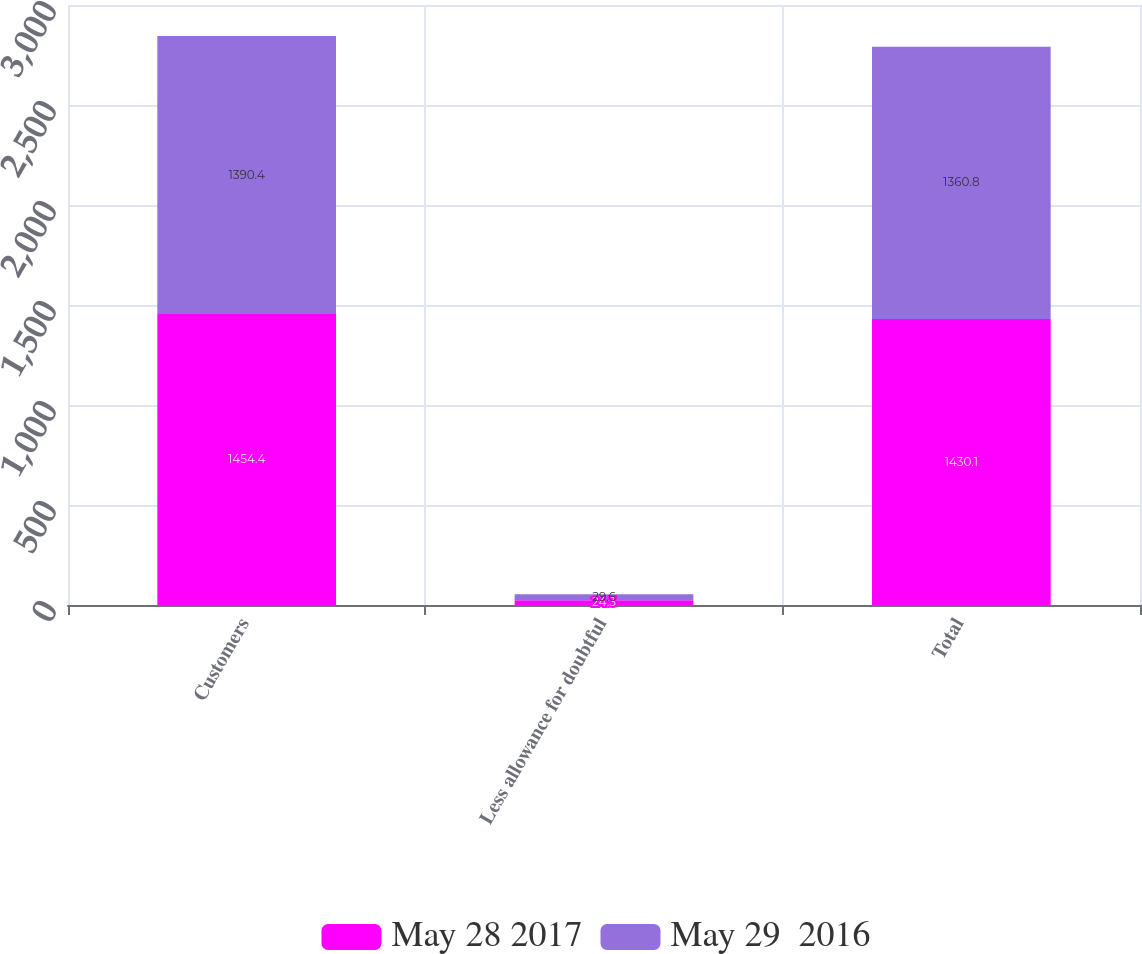Convert chart to OTSL. <chart><loc_0><loc_0><loc_500><loc_500><stacked_bar_chart><ecel><fcel>Customers<fcel>Less allowance for doubtful<fcel>Total<nl><fcel>May 28 2017<fcel>1454.4<fcel>24.3<fcel>1430.1<nl><fcel>May 29  2016<fcel>1390.4<fcel>29.6<fcel>1360.8<nl></chart> 
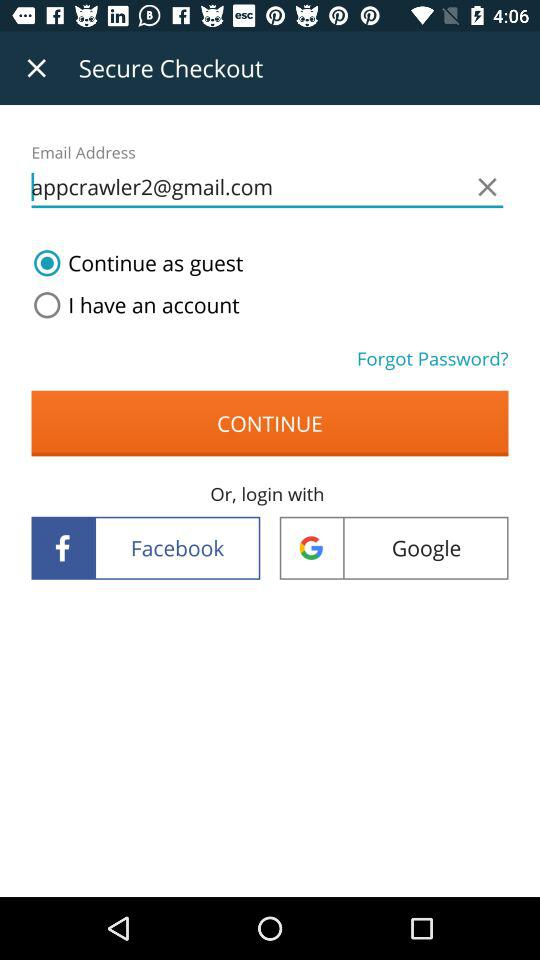Which is the selected option? The selected option is "Continue as guest". 
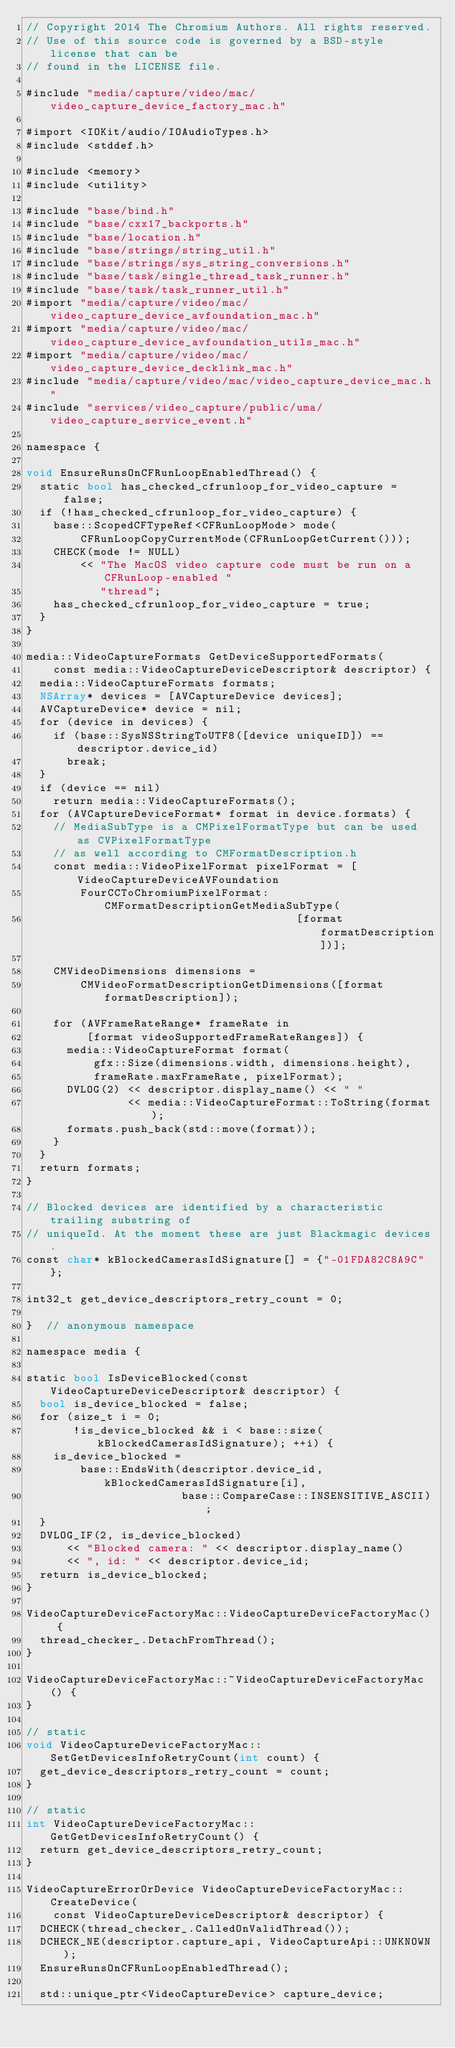Convert code to text. <code><loc_0><loc_0><loc_500><loc_500><_ObjectiveC_>// Copyright 2014 The Chromium Authors. All rights reserved.
// Use of this source code is governed by a BSD-style license that can be
// found in the LICENSE file.

#include "media/capture/video/mac/video_capture_device_factory_mac.h"

#import <IOKit/audio/IOAudioTypes.h>
#include <stddef.h>

#include <memory>
#include <utility>

#include "base/bind.h"
#include "base/cxx17_backports.h"
#include "base/location.h"
#include "base/strings/string_util.h"
#include "base/strings/sys_string_conversions.h"
#include "base/task/single_thread_task_runner.h"
#include "base/task/task_runner_util.h"
#import "media/capture/video/mac/video_capture_device_avfoundation_mac.h"
#import "media/capture/video/mac/video_capture_device_avfoundation_utils_mac.h"
#import "media/capture/video/mac/video_capture_device_decklink_mac.h"
#include "media/capture/video/mac/video_capture_device_mac.h"
#include "services/video_capture/public/uma/video_capture_service_event.h"

namespace {

void EnsureRunsOnCFRunLoopEnabledThread() {
  static bool has_checked_cfrunloop_for_video_capture = false;
  if (!has_checked_cfrunloop_for_video_capture) {
    base::ScopedCFTypeRef<CFRunLoopMode> mode(
        CFRunLoopCopyCurrentMode(CFRunLoopGetCurrent()));
    CHECK(mode != NULL)
        << "The MacOS video capture code must be run on a CFRunLoop-enabled "
           "thread";
    has_checked_cfrunloop_for_video_capture = true;
  }
}

media::VideoCaptureFormats GetDeviceSupportedFormats(
    const media::VideoCaptureDeviceDescriptor& descriptor) {
  media::VideoCaptureFormats formats;
  NSArray* devices = [AVCaptureDevice devices];
  AVCaptureDevice* device = nil;
  for (device in devices) {
    if (base::SysNSStringToUTF8([device uniqueID]) == descriptor.device_id)
      break;
  }
  if (device == nil)
    return media::VideoCaptureFormats();
  for (AVCaptureDeviceFormat* format in device.formats) {
    // MediaSubType is a CMPixelFormatType but can be used as CVPixelFormatType
    // as well according to CMFormatDescription.h
    const media::VideoPixelFormat pixelFormat = [VideoCaptureDeviceAVFoundation
        FourCCToChromiumPixelFormat:CMFormatDescriptionGetMediaSubType(
                                        [format formatDescription])];

    CMVideoDimensions dimensions =
        CMVideoFormatDescriptionGetDimensions([format formatDescription]);

    for (AVFrameRateRange* frameRate in
         [format videoSupportedFrameRateRanges]) {
      media::VideoCaptureFormat format(
          gfx::Size(dimensions.width, dimensions.height),
          frameRate.maxFrameRate, pixelFormat);
      DVLOG(2) << descriptor.display_name() << " "
               << media::VideoCaptureFormat::ToString(format);
      formats.push_back(std::move(format));
    }
  }
  return formats;
}

// Blocked devices are identified by a characteristic trailing substring of
// uniqueId. At the moment these are just Blackmagic devices.
const char* kBlockedCamerasIdSignature[] = {"-01FDA82C8A9C"};

int32_t get_device_descriptors_retry_count = 0;

}  // anonymous namespace

namespace media {

static bool IsDeviceBlocked(const VideoCaptureDeviceDescriptor& descriptor) {
  bool is_device_blocked = false;
  for (size_t i = 0;
       !is_device_blocked && i < base::size(kBlockedCamerasIdSignature); ++i) {
    is_device_blocked =
        base::EndsWith(descriptor.device_id, kBlockedCamerasIdSignature[i],
                       base::CompareCase::INSENSITIVE_ASCII);
  }
  DVLOG_IF(2, is_device_blocked)
      << "Blocked camera: " << descriptor.display_name()
      << ", id: " << descriptor.device_id;
  return is_device_blocked;
}

VideoCaptureDeviceFactoryMac::VideoCaptureDeviceFactoryMac() {
  thread_checker_.DetachFromThread();
}

VideoCaptureDeviceFactoryMac::~VideoCaptureDeviceFactoryMac() {
}

// static
void VideoCaptureDeviceFactoryMac::SetGetDevicesInfoRetryCount(int count) {
  get_device_descriptors_retry_count = count;
}

// static
int VideoCaptureDeviceFactoryMac::GetGetDevicesInfoRetryCount() {
  return get_device_descriptors_retry_count;
}

VideoCaptureErrorOrDevice VideoCaptureDeviceFactoryMac::CreateDevice(
    const VideoCaptureDeviceDescriptor& descriptor) {
  DCHECK(thread_checker_.CalledOnValidThread());
  DCHECK_NE(descriptor.capture_api, VideoCaptureApi::UNKNOWN);
  EnsureRunsOnCFRunLoopEnabledThread();

  std::unique_ptr<VideoCaptureDevice> capture_device;</code>
+ + + + + + +
Exercise details => Reproduce the listing exactly. The pictures are to be omitted.

Task result =>
Convert chart to OTSL. <chart><loc_0><loc_0><loc_500><loc_500><stacked_bar_chart><ecel><fcel>Customers<fcel>Less allowance for doubtful<fcel>Total<nl><fcel>May 28 2017<fcel>1454.4<fcel>24.3<fcel>1430.1<nl><fcel>May 29  2016<fcel>1390.4<fcel>29.6<fcel>1360.8<nl></chart> 
Which is the selected option? The selected option is "Continue as guest". 
Convert code to text. <code><loc_0><loc_0><loc_500><loc_500><_ObjectiveC_>// Copyright 2014 The Chromium Authors. All rights reserved.
// Use of this source code is governed by a BSD-style license that can be
// found in the LICENSE file.

#include "media/capture/video/mac/video_capture_device_factory_mac.h"

#import <IOKit/audio/IOAudioTypes.h>
#include <stddef.h>

#include <memory>
#include <utility>

#include "base/bind.h"
#include "base/cxx17_backports.h"
#include "base/location.h"
#include "base/strings/string_util.h"
#include "base/strings/sys_string_conversions.h"
#include "base/task/single_thread_task_runner.h"
#include "base/task/task_runner_util.h"
#import "media/capture/video/mac/video_capture_device_avfoundation_mac.h"
#import "media/capture/video/mac/video_capture_device_avfoundation_utils_mac.h"
#import "media/capture/video/mac/video_capture_device_decklink_mac.h"
#include "media/capture/video/mac/video_capture_device_mac.h"
#include "services/video_capture/public/uma/video_capture_service_event.h"

namespace {

void EnsureRunsOnCFRunLoopEnabledThread() {
  static bool has_checked_cfrunloop_for_video_capture = false;
  if (!has_checked_cfrunloop_for_video_capture) {
    base::ScopedCFTypeRef<CFRunLoopMode> mode(
        CFRunLoopCopyCurrentMode(CFRunLoopGetCurrent()));
    CHECK(mode != NULL)
        << "The MacOS video capture code must be run on a CFRunLoop-enabled "
           "thread";
    has_checked_cfrunloop_for_video_capture = true;
  }
}

media::VideoCaptureFormats GetDeviceSupportedFormats(
    const media::VideoCaptureDeviceDescriptor& descriptor) {
  media::VideoCaptureFormats formats;
  NSArray* devices = [AVCaptureDevice devices];
  AVCaptureDevice* device = nil;
  for (device in devices) {
    if (base::SysNSStringToUTF8([device uniqueID]) == descriptor.device_id)
      break;
  }
  if (device == nil)
    return media::VideoCaptureFormats();
  for (AVCaptureDeviceFormat* format in device.formats) {
    // MediaSubType is a CMPixelFormatType but can be used as CVPixelFormatType
    // as well according to CMFormatDescription.h
    const media::VideoPixelFormat pixelFormat = [VideoCaptureDeviceAVFoundation
        FourCCToChromiumPixelFormat:CMFormatDescriptionGetMediaSubType(
                                        [format formatDescription])];

    CMVideoDimensions dimensions =
        CMVideoFormatDescriptionGetDimensions([format formatDescription]);

    for (AVFrameRateRange* frameRate in
         [format videoSupportedFrameRateRanges]) {
      media::VideoCaptureFormat format(
          gfx::Size(dimensions.width, dimensions.height),
          frameRate.maxFrameRate, pixelFormat);
      DVLOG(2) << descriptor.display_name() << " "
               << media::VideoCaptureFormat::ToString(format);
      formats.push_back(std::move(format));
    }
  }
  return formats;
}

// Blocked devices are identified by a characteristic trailing substring of
// uniqueId. At the moment these are just Blackmagic devices.
const char* kBlockedCamerasIdSignature[] = {"-01FDA82C8A9C"};

int32_t get_device_descriptors_retry_count = 0;

}  // anonymous namespace

namespace media {

static bool IsDeviceBlocked(const VideoCaptureDeviceDescriptor& descriptor) {
  bool is_device_blocked = false;
  for (size_t i = 0;
       !is_device_blocked && i < base::size(kBlockedCamerasIdSignature); ++i) {
    is_device_blocked =
        base::EndsWith(descriptor.device_id, kBlockedCamerasIdSignature[i],
                       base::CompareCase::INSENSITIVE_ASCII);
  }
  DVLOG_IF(2, is_device_blocked)
      << "Blocked camera: " << descriptor.display_name()
      << ", id: " << descriptor.device_id;
  return is_device_blocked;
}

VideoCaptureDeviceFactoryMac::VideoCaptureDeviceFactoryMac() {
  thread_checker_.DetachFromThread();
}

VideoCaptureDeviceFactoryMac::~VideoCaptureDeviceFactoryMac() {
}

// static
void VideoCaptureDeviceFactoryMac::SetGetDevicesInfoRetryCount(int count) {
  get_device_descriptors_retry_count = count;
}

// static
int VideoCaptureDeviceFactoryMac::GetGetDevicesInfoRetryCount() {
  return get_device_descriptors_retry_count;
}

VideoCaptureErrorOrDevice VideoCaptureDeviceFactoryMac::CreateDevice(
    const VideoCaptureDeviceDescriptor& descriptor) {
  DCHECK(thread_checker_.CalledOnValidThread());
  DCHECK_NE(descriptor.capture_api, VideoCaptureApi::UNKNOWN);
  EnsureRunsOnCFRunLoopEnabledThread();

  std::unique_ptr<VideoCaptureDevice> capture_device;</code>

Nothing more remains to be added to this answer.